Last month U.S. Rep. John Larson, D-Ct., and U.S. Rep. Vern Buchanan, R-Fla., brought back a bill allowing Americans to get more information about their Social Security accounts and they have moved quickly on it, getting it through a key committee.
Back in 2019, Larson and Buchanan brought out the “Know Your Social Security Act,” which, according to the Florida Republican’s office “helps Americans plan for retirement by making it easier to access critical information about their Social Security earnings, contributions and future benefits.”

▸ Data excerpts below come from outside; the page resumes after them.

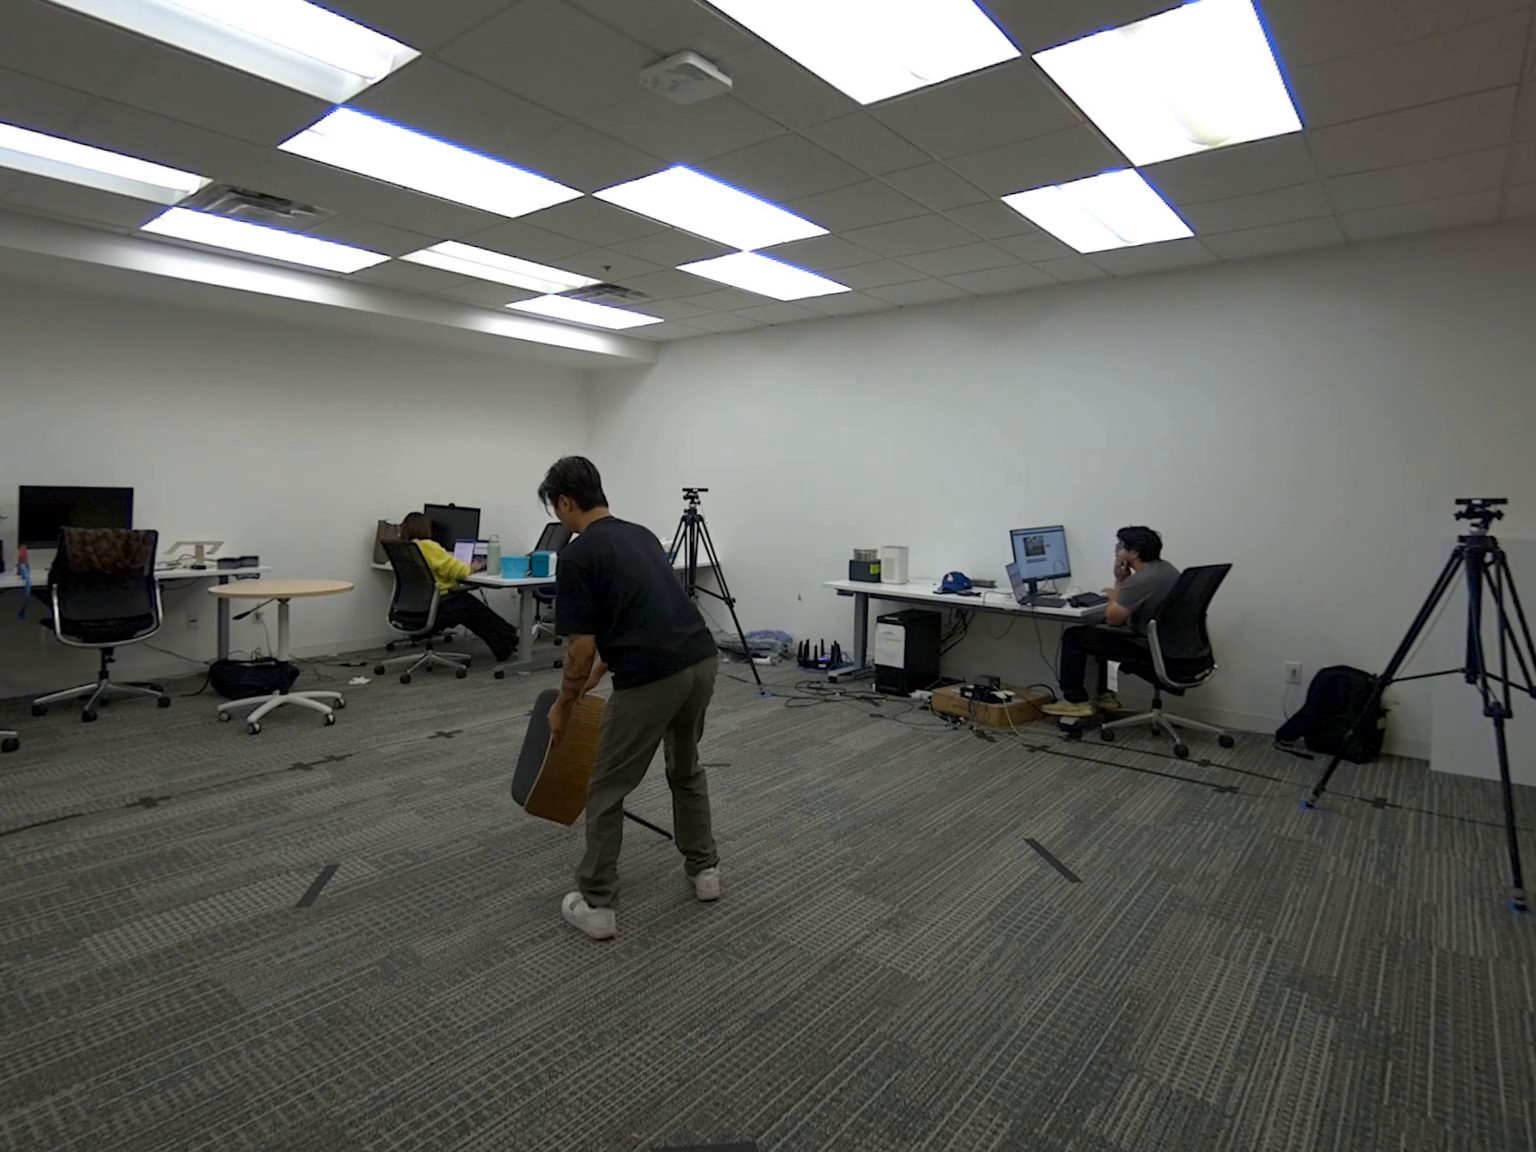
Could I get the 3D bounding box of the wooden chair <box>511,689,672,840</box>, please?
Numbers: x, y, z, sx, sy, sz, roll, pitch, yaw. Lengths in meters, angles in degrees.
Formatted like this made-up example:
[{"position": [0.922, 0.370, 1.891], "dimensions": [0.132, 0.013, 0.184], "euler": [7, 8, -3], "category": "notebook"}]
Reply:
[{"position": [-0.758, 0.688, 3.248], "dimensions": [0.539, 0.482, 0.843], "euler": [6, -14, 30], "category": "wooden chair"}]
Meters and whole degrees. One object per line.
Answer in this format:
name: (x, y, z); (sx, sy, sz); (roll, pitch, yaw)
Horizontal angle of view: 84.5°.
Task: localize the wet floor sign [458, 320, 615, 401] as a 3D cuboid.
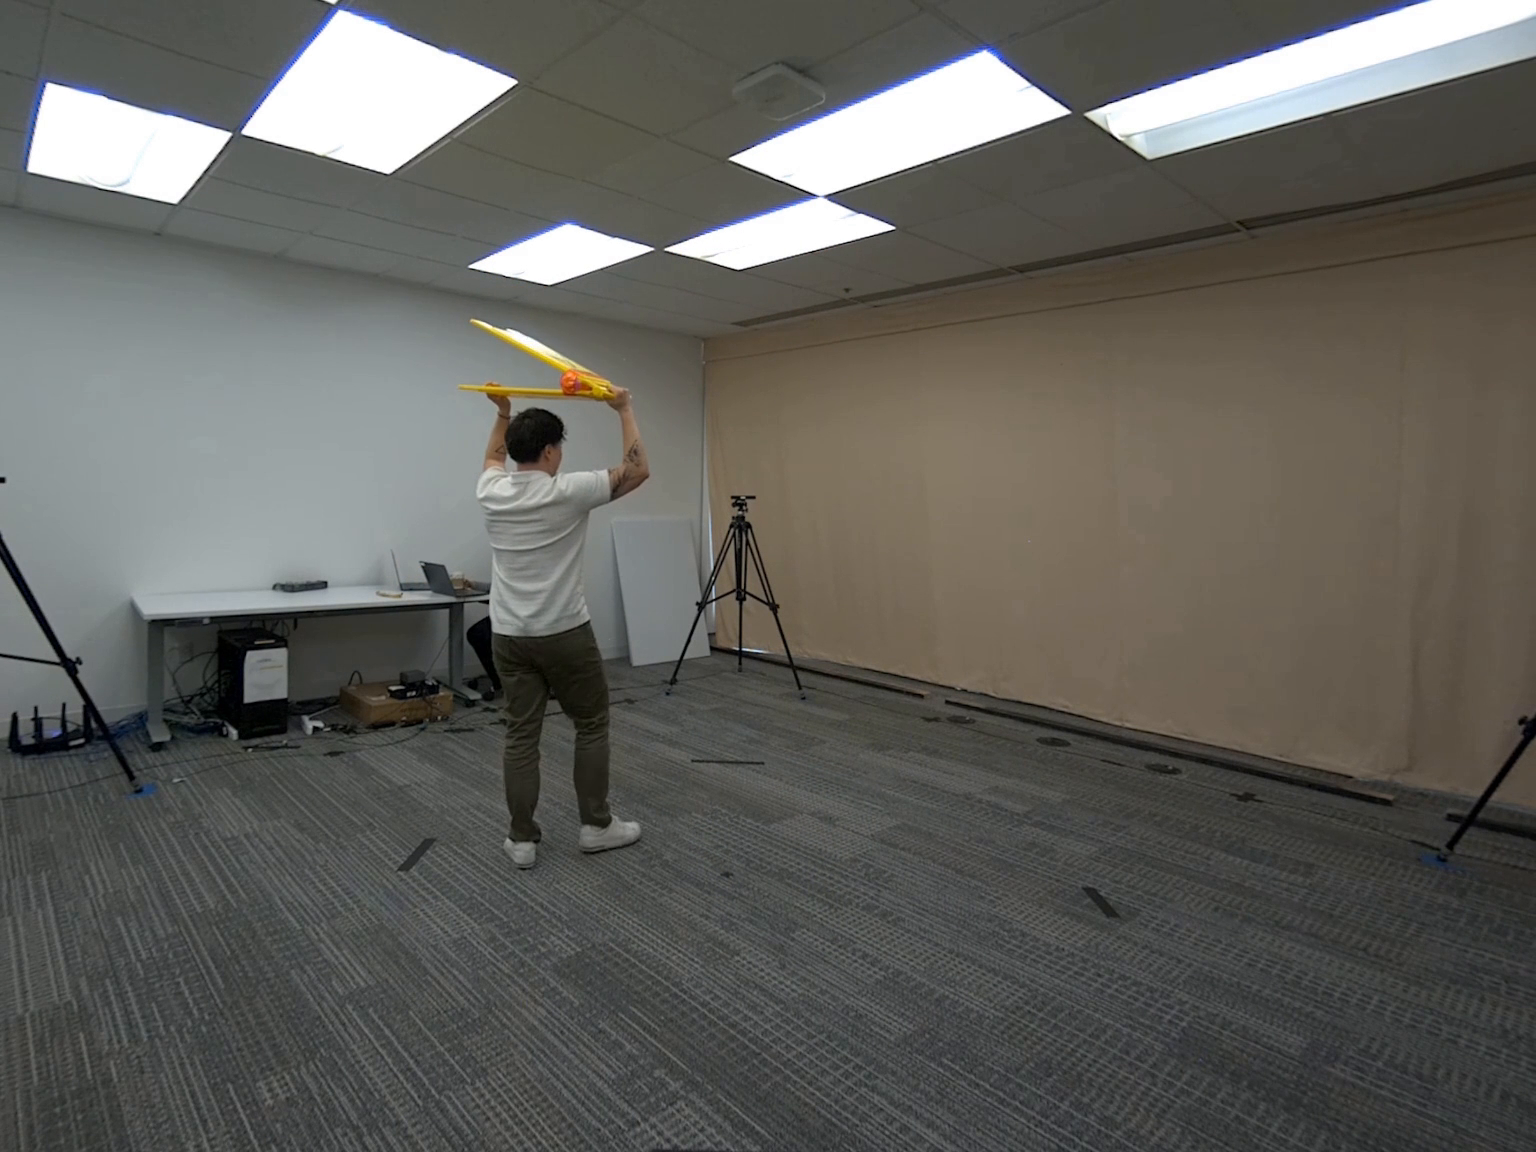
wet floor sign: (-0.848, -0.768, 3.238); (0.660, 0.288, 0.278); (20, 12, 22)
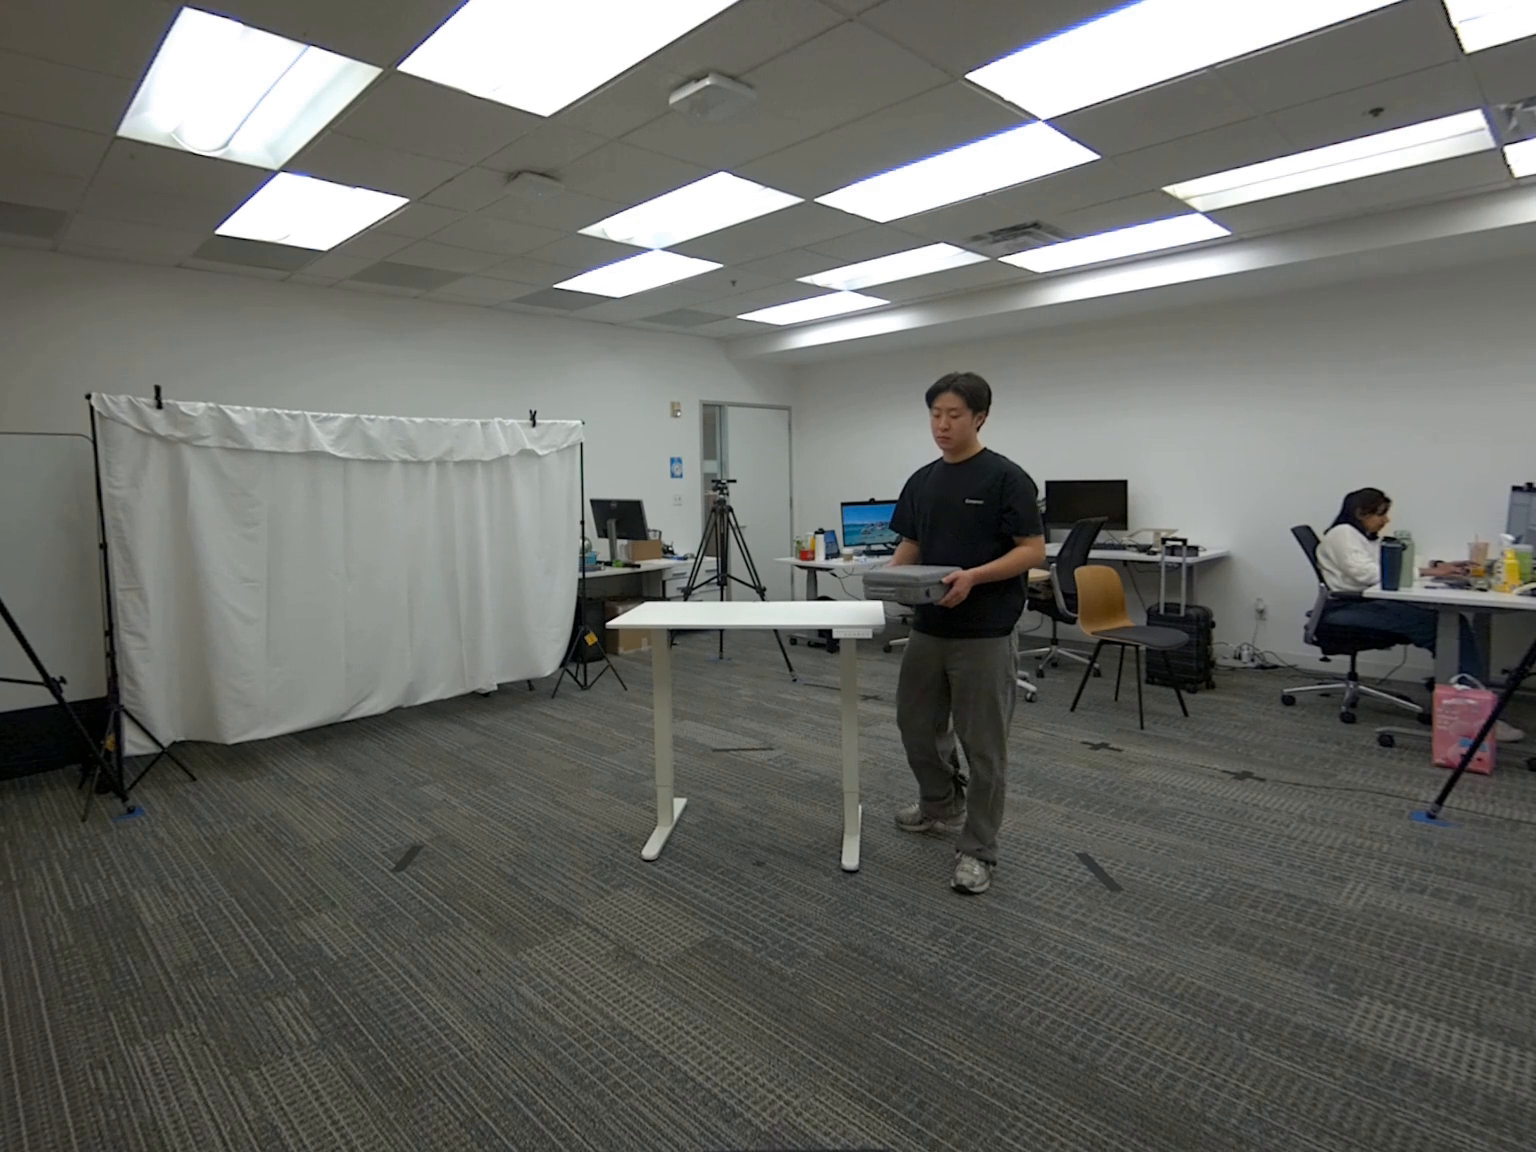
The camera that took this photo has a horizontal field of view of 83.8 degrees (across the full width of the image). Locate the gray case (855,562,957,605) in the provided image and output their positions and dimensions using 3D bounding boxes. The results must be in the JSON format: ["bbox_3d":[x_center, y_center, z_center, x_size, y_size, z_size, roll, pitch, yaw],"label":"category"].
[{"bbox_3d":[0.473,0.019,2.850,0.294,0.102,0.259,-1,8,26],"label":"gray case"}]

The bill would have the Social Security Administration (SSA) resume send out by mail “annual earnings statements to the 178 million Americans workers — between the ages of 25 and 60 years old — currently paying into Social Security, making it easier for them to keep track of their finances and plan accordingly.” Most Americans stopped getting annual statements from the SSA back in 2010. The statements will include “how much a worker has earned in a given year, a worker’s contributions to both Social Security and Medicare, ann estimate of the worker’s Social Security benefit at full retirement age” and the “Social Security benefit a worker’s family receives when they pass away.”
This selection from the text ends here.